Он вернул мне бланк, который забрал в начале испытания. Теперь в одном из квадратов сияла зелёная галка.
Вздохи со стороны группы испытуемых стали отчётливее. Почти все среди них были дворянами — это легко угадывалось по богатым одеждам, а висевшие на поясах мечи проясняли всё для самых тупых. Черни оружие не полагалось. Я улыбнулся им, улавливая кисловатую зависть.
Академический комплекс, располагавшийся на северо-востоке Петрограда, был поистине огромен. Здания, в которых тестировали склонность к местной так называемой магии, жались друг к другу. Выхода из них было два. Один — назад к главным воротам, второй — к гравийным дорожкам, которые обрамлялись полосами манерно подстриженных кустарников. Дорожки эти вели прямиком к большой тренировочной площадке, которую защищала от любопытных взоров живая изгородь.
Из-за кустов, скрывавших другие мини-арены, доносились звуки сражения — крики, кличи, лязг стали о сталь и прочие развлечения слабых духом. Ибо кем надо быть, чтобы полагаться на мечи, а не на магию, если ситуация приобретает опасный поворот?
На площадке собралось порядочно кандидатов, прошедших первый этап. В основном они поделились на группки. Вне компаний оказались только дворяне-изгои, простое облачение которых выдавало их низкий социальный статус, да немногочисленные простолюдины.
Лютиэны на горизонте не виднелось. Я почувствовал укол сожаления — после испытанной неудачи мне хотелось прикоснуться к вещи. Может быть, обнять. Или даже поцеловать. Душевное равновесие было нарушено, и лучший способ это исправить — очутиться вблизи от неё.
Но у любой бури есть глаз, где царит штиль. Возможно, настало благоприятное время для того, чтобы расширить гарем? Или хотя бы заронить семена в плодородную почву, чтобы позже пожать сердечную интрижку.
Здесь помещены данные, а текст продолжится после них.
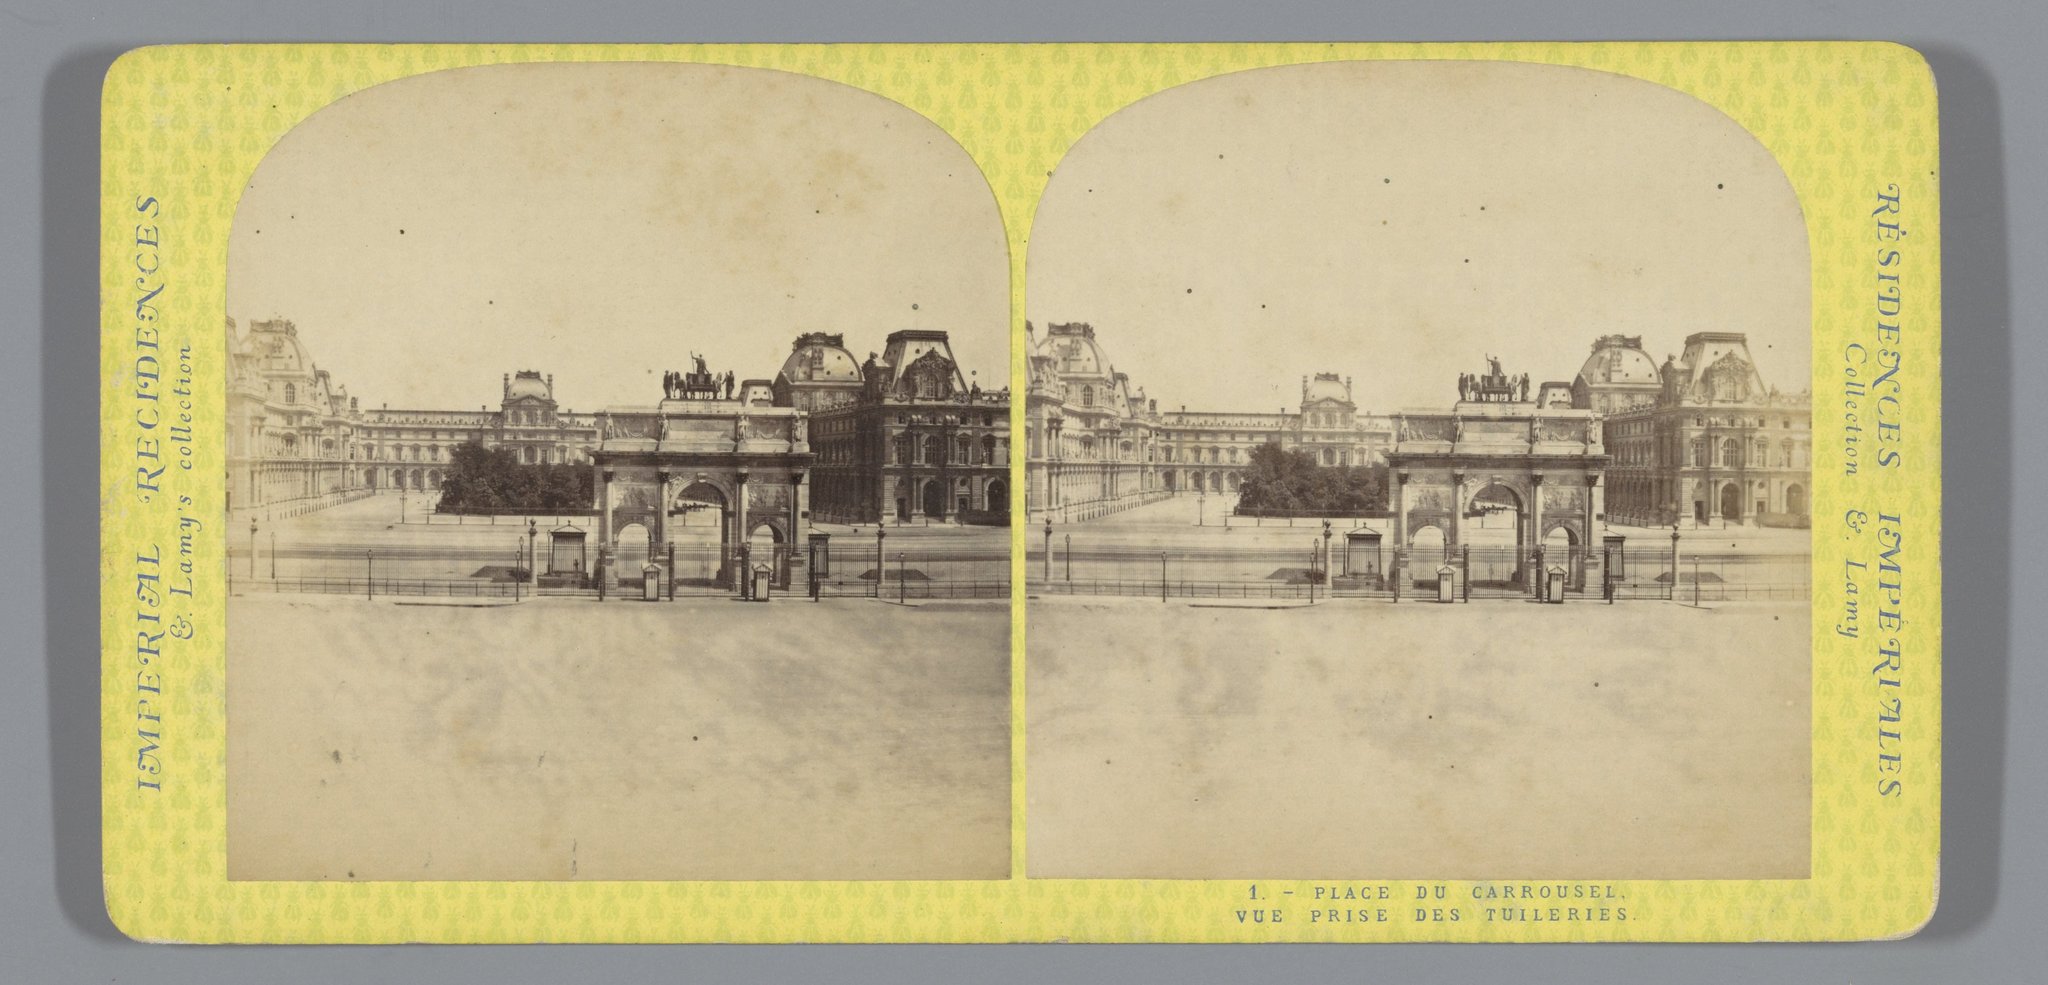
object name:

На краю сознания билось нежелание. Я так и не понял, моё оно или Нани вдруг осмелился подать голос. Да, сестра была до одури красива, и ни одна человеческая девушка с ней не сравнится… Так что ж теперь, позволить оборваться алой нити распутства? Нет, это тоже оставалось в пределах допустимого. Новые впечатления — верность, порядочность и прочие абстрактные понятия.
Собственно, из-за того, что Лютиэна стала моей вещью, её привлекательность для меня увеличилась в разы. Поищите демона, которому не нравится обладать вещью. Подсказка: такого не существует. И пусть сестра была подделкой, но самоубеждение — великая сила.
Я выбросил пустые размышления из головы и обозрел толпу. Тотчас глаз зацепился за крайне привлекательную особу в мундире, нещадно подчёркивавшем её грудь. Она убедительно доказывала, что соблазнительность форм лежит не в объёме, а в правильной презентации.
А может быть, я так привык к Лютиэне как к стандарту, что напрочь потерял интерес к внушительным размерам?
Что, если у меня развился сестринский комплекс?
Пожалуй, поздновато об этом задумываться.
Особу окружали громилы, представлявшие не то почётную свиту, не то охрану. Судя по тому, что были молоды — скорее всего, прихлебатели.
Я приблизился к двум дворянам, которые по виду были достаточно бедны, чтобы не чураться простолюдина. Первый имел внушительную комплекцию — хоть ставь его, хоть клади, всё едино. Но в глазах у него застыло нерешительное, малость виноватое выражение, как у пёсика, который вернулся с улицы с грязными лапами и натоптал на полу. Второй аристократ гордо задирал подбородок; это плохо ему шло. У него и без того ярко проявлялись феминные черты, а в выбранной позе тонкие черты лица и пушистые ресницы выделялись ещё сильнее.